Your answer must be an exact copy of the entries, containing no images.

| Supplied data |
== == ==

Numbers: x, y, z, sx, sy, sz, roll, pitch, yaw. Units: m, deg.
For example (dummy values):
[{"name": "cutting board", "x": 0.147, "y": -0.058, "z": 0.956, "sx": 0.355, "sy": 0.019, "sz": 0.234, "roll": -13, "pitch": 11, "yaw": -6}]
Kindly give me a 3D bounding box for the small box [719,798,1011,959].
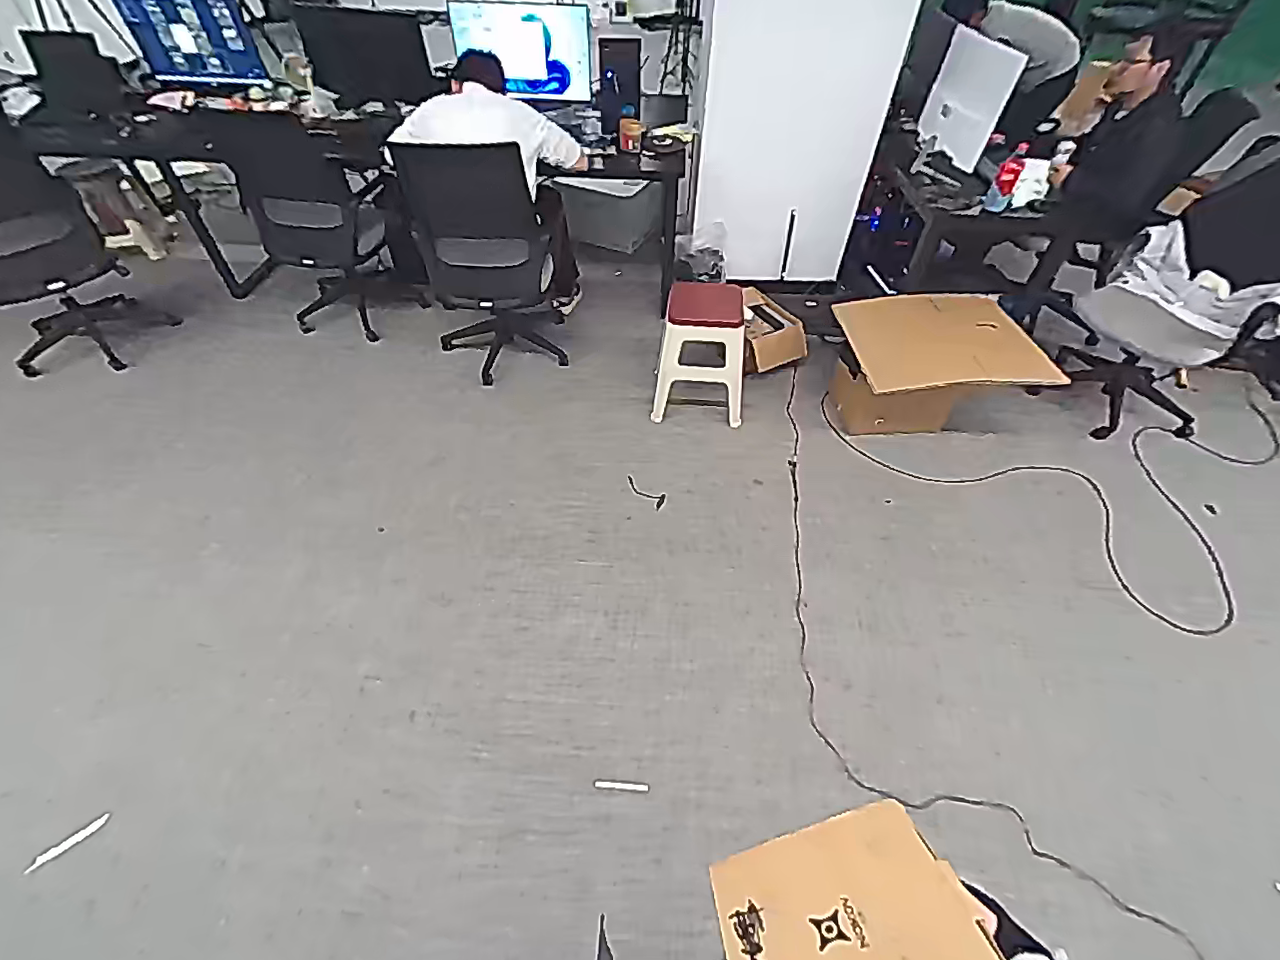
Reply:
[{"name": "small box", "x": 0.181, "y": 0.399, "z": 0.416, "sx": 0.179, "sy": 0.176, "sz": 0.168, "roll": -21, "pitch": 11, "yaw": 1}]
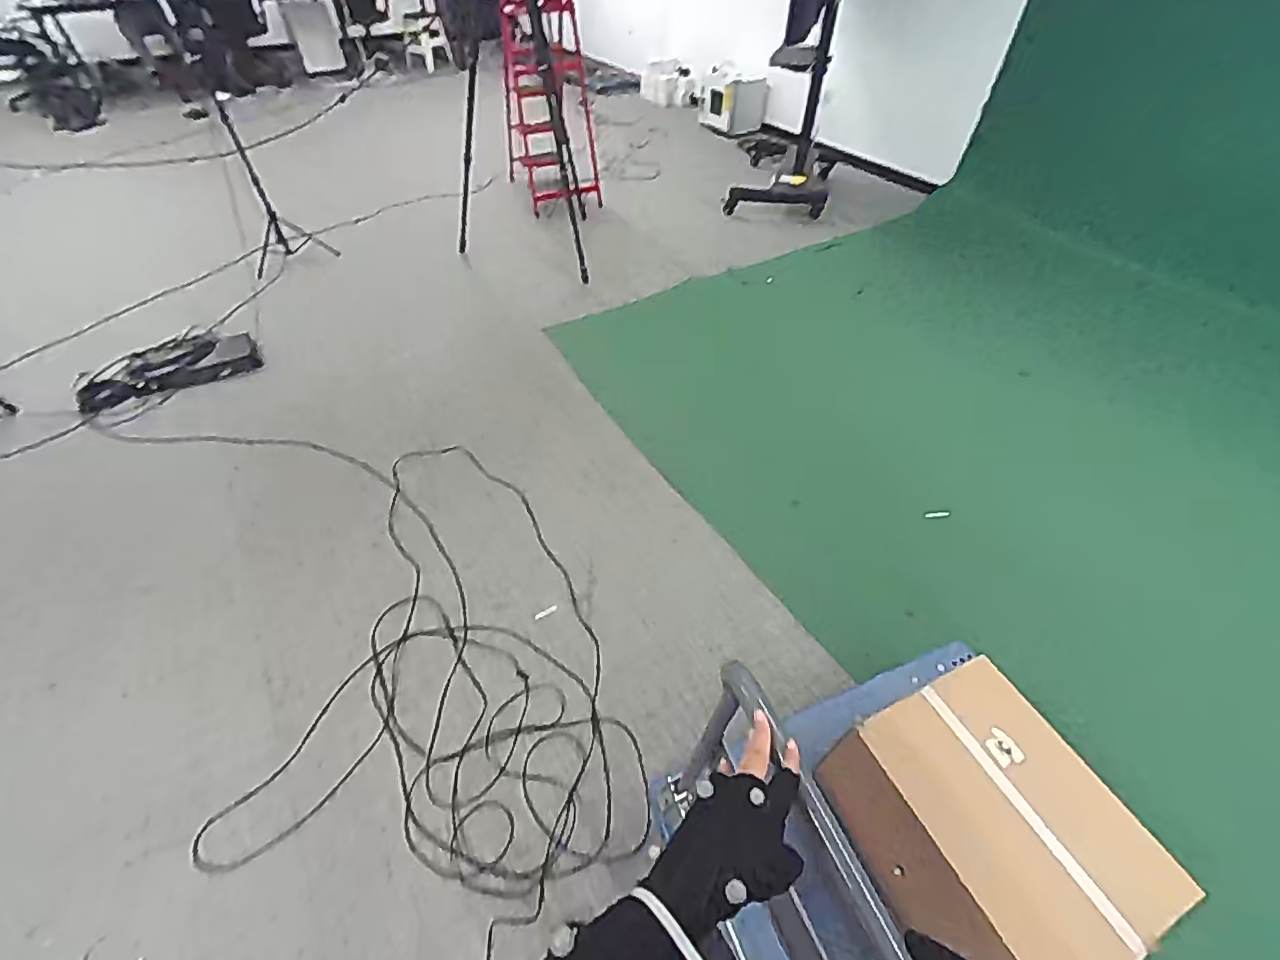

== == ==

| Task solution |
Numbers: x, y, z, sx, sy, sz, roll, pitch, yaw. Units: m, deg.
For example (dummy values):
[{"name": "cutting board", "x": 0.147, "y": -0.058, "z": 0.956, "sx": 0.355, "sy": 0.019, "sz": 0.234, "roll": -13, "pitch": 11, "yaw": -6}]
Kindly give me a 3D bounding box for the small box [719,798,1011,959].
Reply:
[{"name": "small box", "x": 0.181, "y": 0.399, "z": 0.416, "sx": 0.179, "sy": 0.176, "sz": 0.168, "roll": -21, "pitch": 11, "yaw": 1}]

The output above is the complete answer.